### Supplied data
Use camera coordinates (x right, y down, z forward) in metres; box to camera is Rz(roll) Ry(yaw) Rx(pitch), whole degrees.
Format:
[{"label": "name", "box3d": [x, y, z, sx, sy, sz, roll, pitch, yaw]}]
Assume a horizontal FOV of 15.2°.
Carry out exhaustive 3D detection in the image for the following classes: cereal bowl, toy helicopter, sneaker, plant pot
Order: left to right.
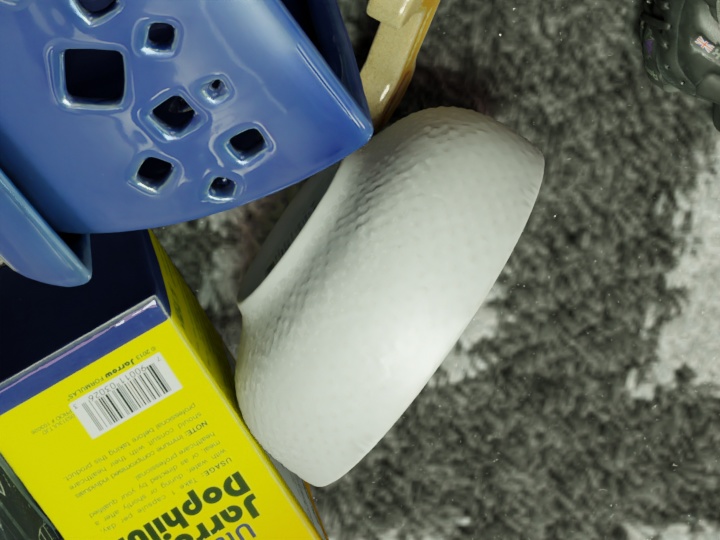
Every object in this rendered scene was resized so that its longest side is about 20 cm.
[{"label": "plant pot", "box3d": [-0.127, -0.125, 1.200, 0.179, 0.200, 0.200, -31, 121, 11]}, {"label": "cereal bowl", "box3d": [0.000, 0.000, 1.300, 0.083, 0.200, 0.200, 35, 106, -10]}, {"label": "toy helicopter", "box3d": [0.033, -0.147, 1.285, 0.079, 0.132, 0.201, 28, 135, 5]}, {"label": "sneaker", "box3d": [0.168, -0.132, 1.337, 0.087, 0.076, 0.200, -36, 120, 14]}]

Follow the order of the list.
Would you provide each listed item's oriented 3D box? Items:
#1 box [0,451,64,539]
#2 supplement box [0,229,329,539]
[{"label": "box", "box3d": [-0.238, 0.099, 1.287, 0.124, 0.197, 0.200, -31, 120, 3]}, {"label": "supplement box", "box3d": [-0.108, 0.086, 1.362, 0.109, 0.109, 0.201, -29, 120, 3]}]
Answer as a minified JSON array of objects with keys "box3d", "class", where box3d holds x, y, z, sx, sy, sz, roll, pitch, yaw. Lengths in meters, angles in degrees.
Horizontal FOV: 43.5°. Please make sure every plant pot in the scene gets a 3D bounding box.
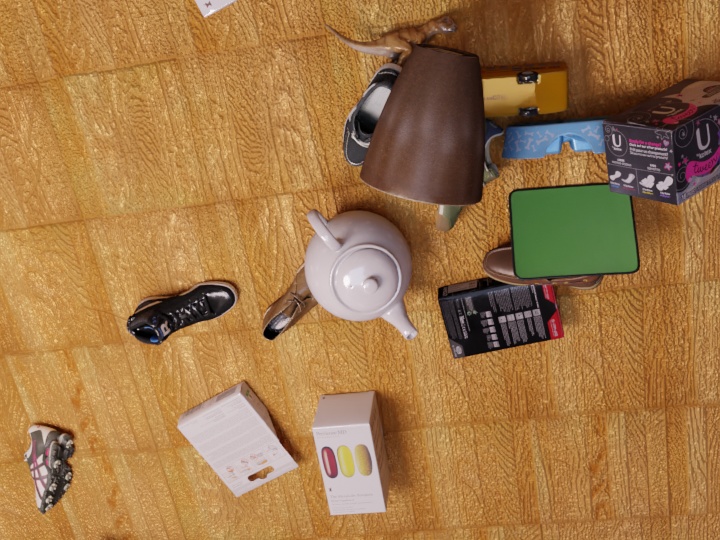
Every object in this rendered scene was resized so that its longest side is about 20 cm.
[{"box3d":[0.105,-0.218,1.306,0.185,0.187,0.202,10,109,2],"class":"plant pot"}]

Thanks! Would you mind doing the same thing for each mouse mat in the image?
[{"box3d":[0.341,-0.064,1.450,0.198,0.163,0.008,-3,158,8],"class":"mouse mat"}]

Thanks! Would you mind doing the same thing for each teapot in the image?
[{"box3d":[0.000,0.000,1.487,0.198,0.146,0.200,4,107,-10],"class":"teapot"}]

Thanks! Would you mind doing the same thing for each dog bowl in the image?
[{"box3d":[0.317,-0.207,1.395,0.198,0.112,0.050,-3,102,9],"class":"dog bowl"}]

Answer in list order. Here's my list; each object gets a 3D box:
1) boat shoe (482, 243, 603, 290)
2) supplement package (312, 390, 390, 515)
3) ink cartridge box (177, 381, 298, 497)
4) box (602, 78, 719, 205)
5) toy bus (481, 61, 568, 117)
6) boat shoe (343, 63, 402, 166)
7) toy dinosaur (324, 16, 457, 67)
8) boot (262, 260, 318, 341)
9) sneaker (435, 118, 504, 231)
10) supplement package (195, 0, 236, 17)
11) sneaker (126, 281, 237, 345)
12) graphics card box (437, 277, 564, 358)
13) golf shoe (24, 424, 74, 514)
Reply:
[{"box3d":[0.297,-0.011,1.476,0.198,0.068,0.073,6,82,16],"class":"boat shoe"},{"box3d":[-0.015,0.343,1.698,0.112,0.110,0.202,-6,115,10],"class":"supplement package"},{"box3d":[-0.235,0.330,1.758,0.160,0.050,0.201,-29,113,19],"class":"ink cartridge box"},{"box3d":[0.469,-0.193,1.313,0.199,0.132,0.116,-28,117,-26],"class":"box"},{"box3d":[0.217,-0.276,1.386,0.198,0.078,0.066,-2,117,8],"class":"toy bus"},{"box3d":[0.013,-0.233,1.417,0.075,0.061,0.201,23,135,1],"class":"boat shoe"},{"box3d":[0.051,-0.344,1.395,0.198,0.060,0.107,-11,102,1],"class":"toy dinosaur"},{"box3d":[-0.104,0.050,1.587,0.073,0.076,0.200,39,112,-8],"class":"boot"},{"box3d":[0.179,-0.151,1.456,0.089,0.067,0.202,11,114,7],"class":"sneaker"},{"box3d":[-0.180,-0.491,1.263,0.146,0.200,0.192,-22,112,17],"class":"supplement package"},{"box3d":[-0.320,0.086,1.609,0.198,0.112,0.074,-14,115,13],"class":"sneaker"},{"box3d":[0.243,0.073,1.568,0.198,0.051,0.127,-14,113,12],"class":"graphics card box"},{"box3d":[-0.637,0.401,1.836,0.087,0.077,0.202,24,116,17],"class":"golf shoe"}]
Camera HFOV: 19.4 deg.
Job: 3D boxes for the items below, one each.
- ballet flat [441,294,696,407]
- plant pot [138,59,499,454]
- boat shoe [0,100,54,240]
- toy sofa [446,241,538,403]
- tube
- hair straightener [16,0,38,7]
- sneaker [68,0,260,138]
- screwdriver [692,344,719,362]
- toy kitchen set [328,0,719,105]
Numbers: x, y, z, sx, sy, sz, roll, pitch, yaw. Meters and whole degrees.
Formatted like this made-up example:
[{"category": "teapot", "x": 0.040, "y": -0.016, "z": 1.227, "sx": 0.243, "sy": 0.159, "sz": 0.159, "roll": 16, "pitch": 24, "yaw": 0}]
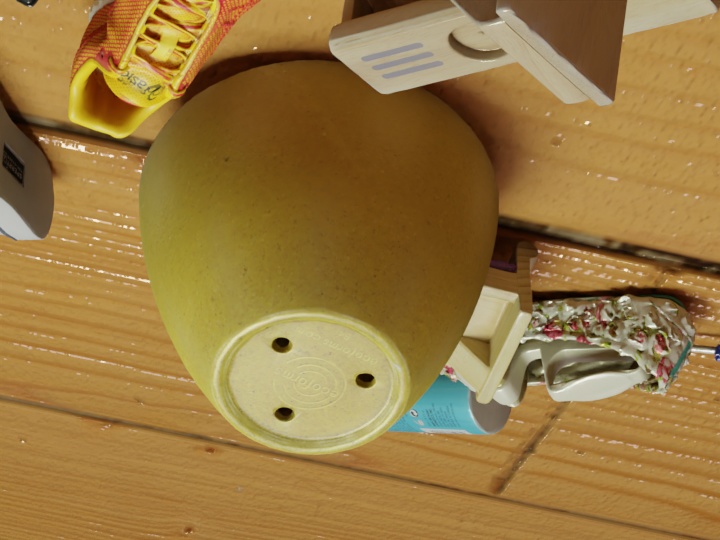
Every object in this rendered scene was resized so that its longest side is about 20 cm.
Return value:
[{"category": "ballet flat", "x": 0.115, "y": 0.053, "z": 1.331, "sx": 0.199, "sy": 0.064, "sz": 0.076, "roll": -7, "pitch": 140, "yaw": 32}, {"category": "plant pot", "x": -0.025, "y": 0.011, "z": 1.110, "sx": 0.199, "sy": 0.142, "sz": 0.201, "roll": 1, "pitch": 130, "yaw": 1}, {"category": "boat shoe", "x": -0.232, "y": -0.072, "z": 1.182, "sx": 0.065, "sy": 0.072, "sz": 0.200, "roll": -1, "pitch": 162, "yaw": 11}, {"category": "toy sofa", "x": 0.000, "y": 0.000, "z": 1.257, "sx": 0.199, "sy": 0.098, "sz": 0.083, "roll": 14, "pitch": 131, "yaw": -10}, {"category": "tube", "x": 0.012, "y": 0.092, "z": 1.480, "sx": 0.199, "sy": 0.051, "sz": 0.077, "roll": -5, "pitch": 148, "yaw": 38}, {"category": "hair straightener", "x": -0.194, "y": -0.142, "z": 1.042, "sx": 0.199, "sy": 0.041, "sz": 0.077, "roll": -10, "pitch": 149, "yaw": 35}, {"category": "sneaker", "x": -0.086, "y": -0.121, "z": 1.012, "sx": 0.073, "sy": 0.077, "sz": 0.200, "roll": 18, "pitch": 152, "yaw": -16}, {"category": "screwdriver", "x": 0.210, "y": 0.053, "z": 1.342, "sx": 0.199, "sy": 0.029, "sz": 0.028, "roll": 1, "pitch": 154, "yaw": 15}, {"category": "toy kitchen set", "x": 0.023, "y": -0.132, "z": 0.843, "sx": 0.180, "sy": 0.164, "sz": 0.200, "roll": -11, "pitch": 149, "yaw": 36}]
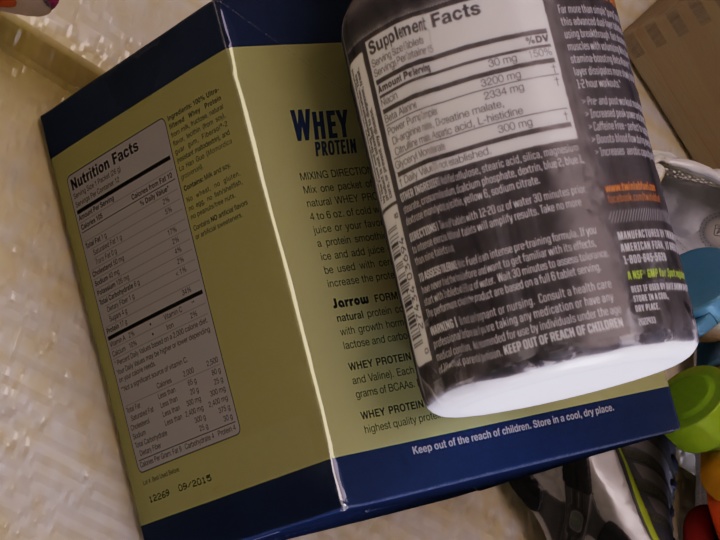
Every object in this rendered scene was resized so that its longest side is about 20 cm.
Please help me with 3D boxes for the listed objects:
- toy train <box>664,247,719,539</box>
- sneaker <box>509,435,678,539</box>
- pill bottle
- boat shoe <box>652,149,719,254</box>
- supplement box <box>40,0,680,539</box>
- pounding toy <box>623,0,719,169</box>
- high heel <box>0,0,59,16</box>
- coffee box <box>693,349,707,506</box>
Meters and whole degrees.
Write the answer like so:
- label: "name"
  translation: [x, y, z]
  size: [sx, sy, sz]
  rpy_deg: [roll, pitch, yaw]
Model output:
- label: "toy train"
  translation: [0.168, 0.092, 0.918]
  size: [0.116, 0.084, 0.201]
  rpy_deg: [51, 35, -33]
- label: "sneaker"
  translation: [0.129, 0.117, 0.983]
  size: [0.081, 0.074, 0.201]
  rpy_deg: [-22, 90, -47]
- label: "pill bottle"
  translation: [0.054, -0.053, 0.771]
  size: [0.106, 0.106, 0.201]
  rpy_deg: [-3, 77, -41]
- label: "boat shoe"
  translation: [0.127, -0.029, 0.981]
  size: [0.199, 0.069, 0.071]
  rpy_deg: [3, 84, -4]
- label: "supplement box"
  translation: [0.000, 0.000, 0.870]
  size: [0.199, 0.134, 0.201]
  rpy_deg: [-8, 79, -42]
- label: "pounding toy"
  translation: [0.288, -0.112, 1.159]
  size: [0.184, 0.142, 0.201]
  rpy_deg: [-42, 102, -42]
- label: "high heel"
  translation: [-0.187, -0.189, 0.823]
  size: [0.200, 0.067, 0.096]
  rpy_deg: [38, 63, -20]
- label: "coffee box"
  translation: [0.308, 0.105, 1.047]
  size: [0.199, 0.197, 0.201]
  rpy_deg: [23, 59, -37]
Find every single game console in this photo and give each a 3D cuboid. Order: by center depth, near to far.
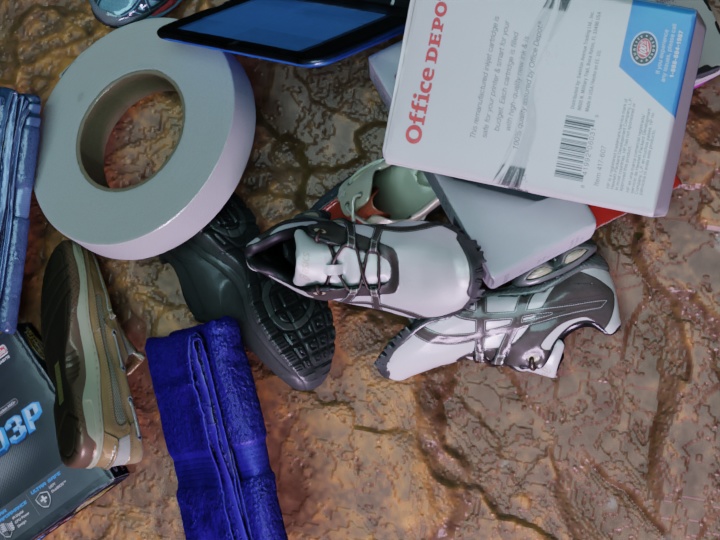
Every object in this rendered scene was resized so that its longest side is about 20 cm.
[{"bbox_3d":[-0.039,-0.238,1.387,0.200,0.118,0.171,17,93,43],"label":"game console"}]

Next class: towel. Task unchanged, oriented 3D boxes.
[{"bbox_3d":[-0.123,0.143,1.443,0.049,0.148,0.201,-10,86,-32],"label":"towel"},{"bbox_3d":[-0.311,-0.052,1.496,0.048,0.112,0.201,5,93,-29],"label":"towel"}]

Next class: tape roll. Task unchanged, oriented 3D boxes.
[{"bbox_3d":[-0.178,-0.108,1.457,0.202,0.037,0.203,-12,64,26],"label":"tape roll"}]

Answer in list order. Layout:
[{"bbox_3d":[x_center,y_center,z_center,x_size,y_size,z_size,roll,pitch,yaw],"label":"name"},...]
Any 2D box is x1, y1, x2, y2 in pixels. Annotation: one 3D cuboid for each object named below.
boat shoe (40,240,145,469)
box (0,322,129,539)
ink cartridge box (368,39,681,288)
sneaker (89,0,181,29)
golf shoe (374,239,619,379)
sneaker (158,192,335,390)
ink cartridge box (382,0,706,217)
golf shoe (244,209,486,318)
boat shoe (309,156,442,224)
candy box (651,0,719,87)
[{"bbox_3d":[-0.216,0.071,1.488,0.076,0.072,0.200,5,64,-29],"label":"boat shoe"},{"bbox_3d":[-0.319,0.164,1.525,0.200,0.046,0.159,-35,83,10],"label":"box"},{"bbox_3d":[0.127,-0.113,1.377,0.173,0.044,0.200,-28,78,-5],"label":"ink cartridge box"},{"bbox_3d":[-0.156,-0.283,1.463,0.079,0.096,0.200,45,98,9],"label":"sneaker"},{"bbox_3d":[0.109,0.052,1.414,0.200,0.078,0.095,-28,85,11],"label":"golf shoe"},{"bbox_3d":[-0.094,0.023,1.461,0.200,0.076,0.091,54,134,22],"label":"sneaker"},{"bbox_3d":[0.131,-0.128,1.282,0.200,0.084,0.146,13,96,15],"label":"ink cartridge box"},{"bbox_3d":[0.000,0.000,1.358,0.200,0.094,0.078,6,100,39],"label":"golf shoe"},{"bbox_3d":[0.022,-0.056,1.446,0.200,0.063,0.071,-32,86,11],"label":"boat shoe"},{"bbox_3d":[0.183,-0.219,1.378,0.136,0.061,0.200,-21,84,-29],"label":"candy box"}]
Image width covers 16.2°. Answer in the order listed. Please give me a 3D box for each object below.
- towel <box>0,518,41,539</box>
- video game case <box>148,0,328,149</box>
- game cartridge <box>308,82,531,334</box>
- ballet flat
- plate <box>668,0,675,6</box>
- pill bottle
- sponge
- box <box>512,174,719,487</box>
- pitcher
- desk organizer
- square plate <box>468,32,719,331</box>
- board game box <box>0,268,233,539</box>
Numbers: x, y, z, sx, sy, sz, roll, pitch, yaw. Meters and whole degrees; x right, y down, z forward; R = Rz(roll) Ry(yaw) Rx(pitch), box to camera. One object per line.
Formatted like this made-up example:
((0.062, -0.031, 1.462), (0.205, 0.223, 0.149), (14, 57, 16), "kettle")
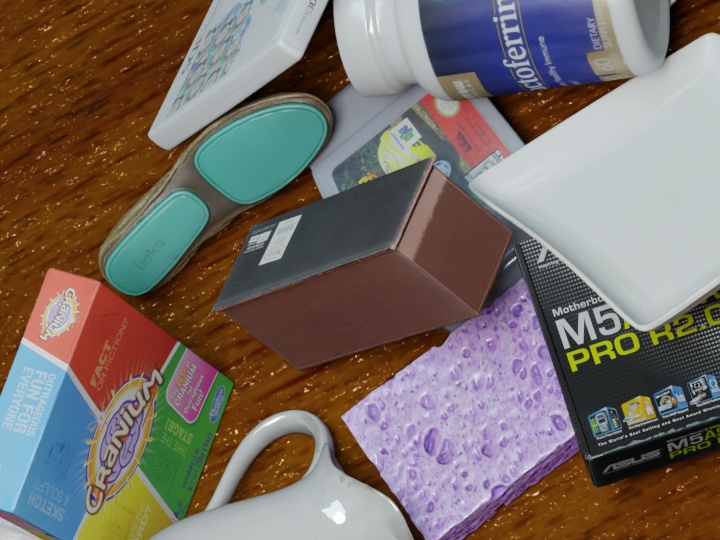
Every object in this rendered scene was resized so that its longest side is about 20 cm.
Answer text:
((-0.269, 0.202, 1.714), (0.199, 0.032, 0.192), (14, 76, 28), "towel")
((-0.060, -0.185, 1.694), (0.200, 0.024, 0.182), (-27, 34, 57), "video game case")
((0.047, -0.057, 1.681), (0.133, 0.041, 0.200), (-41, 60, 8), "game cartridge")
((-0.100, -0.062, 1.723), (0.200, 0.068, 0.072), (-43, 20, 17), "ballet flat")
((0.183, -0.263, 1.707), (0.200, 0.032, 0.200), (-43, 60, 1), "plate")
((0.090, -0.170, 1.625), (0.199, 0.116, 0.116), (-7, 67, 21), "pill bottle")
((0.097, 0.077, 1.608), (0.200, 0.030, 0.112), (-38, 61, 5), "sponge")
((0.211, 0.027, 1.545), (0.199, 0.044, 0.161), (-18, 60, 3), "box")
((-0.078, 0.184, 1.602), (0.200, 0.121, 0.172), (-35, 39, -5), "pitcher")
((0.000, 0.000, 1.612), (0.200, 0.077, 0.072), (-19, 40, 51), "desk organizer")
((0.197, -0.052, 1.545), (0.198, 0.029, 0.200), (-32, 40, -13), "square plate")
((-0.163, 0.106, 1.609), (0.040, 0.200, 0.154), (13, 76, 27), "board game box")
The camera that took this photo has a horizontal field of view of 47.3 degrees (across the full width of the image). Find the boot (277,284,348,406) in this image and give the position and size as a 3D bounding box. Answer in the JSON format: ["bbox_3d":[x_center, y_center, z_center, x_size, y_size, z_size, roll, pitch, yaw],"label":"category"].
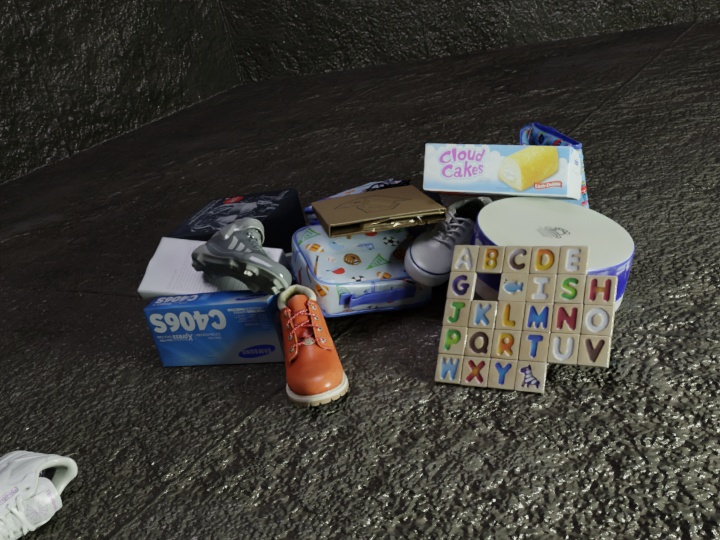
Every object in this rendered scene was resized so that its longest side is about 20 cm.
[{"bbox_3d":[-0.068,0.090,1.018,0.075,0.107,0.200,-15,23,-6],"label":"boot"}]

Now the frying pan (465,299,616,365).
[{"bbox_3d":[0.210,0.075,0.981,0.190,0.031,0.115,11,28,18],"label":"frying pan"}]

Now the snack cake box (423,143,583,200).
[{"bbox_3d":[0.199,-0.136,1.141,0.200,0.067,0.115,4,4,22],"label":"snack cake box"}]

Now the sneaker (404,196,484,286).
[{"bbox_3d":[0.119,-0.049,1.143,0.073,0.071,0.200,30,36,7],"label":"sneaker"}]

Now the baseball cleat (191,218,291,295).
[{"bbox_3d":[-0.150,-0.027,1.113,0.200,0.070,0.106,13,56,41],"label":"baseball cleat"}]

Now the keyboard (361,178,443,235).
[{"bbox_3d":[0.048,-0.102,1.312,0.200,0.104,0.040,-11,-26,-27],"label":"keyboard"}]

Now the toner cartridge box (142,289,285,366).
[{"bbox_3d":[-0.195,0.080,1.136,0.200,0.095,0.043,-5,24,23],"label":"toner cartridge box"}]

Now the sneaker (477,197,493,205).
[{"bbox_3d":[0.209,-0.049,1.205,0.075,0.090,0.200,-18,22,-9],"label":"sneaker"}]

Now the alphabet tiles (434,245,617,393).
[{"bbox_3d":[0.183,0.052,0.921,0.200,0.167,0.008,1,-16,34],"label":"alphabet tiles"}]

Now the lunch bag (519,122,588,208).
[{"bbox_3d":[0.288,-0.142,1.303,0.094,0.151,0.200,-13,22,3],"label":"lunch bag"}]

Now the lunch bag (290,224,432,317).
[{"bbox_3d":[0.000,0.000,1.162,0.200,0.076,0.160,-7,38,-21],"label":"lunch bag"}]

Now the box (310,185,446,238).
[{"bbox_3d":[0.020,-0.087,1.186,0.163,0.021,0.200,-9,16,-7],"label":"box"}]

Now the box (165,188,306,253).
[{"bbox_3d":[-0.217,-0.060,1.480,0.182,0.104,0.200,-5,24,19],"label":"box"}]

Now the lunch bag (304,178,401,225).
[{"bbox_3d":[-0.007,-0.105,1.439,0.160,0.076,0.200,-19,8,-21],"label":"lunch bag"}]

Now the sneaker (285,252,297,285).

### Exercise instructions
Out of the records above, pull the lines that include the word "bounding".

### Written answer
Horizontal FOV: 43.5°. Please make sure every plant pot in the scene gets a 3D bounding box.
The camera that took this photo has a horizontal field of view of 47.3 degrees (across the full width of the image). Find the boot (277,284,348,406) in this image and give the position and size as a 3D bounding box. Answer in the JSON format: ["bbox_3d":[x_center, y_center, z_center, x_size, y_size, z_size, roll, pitch, yaw],"label":"category"].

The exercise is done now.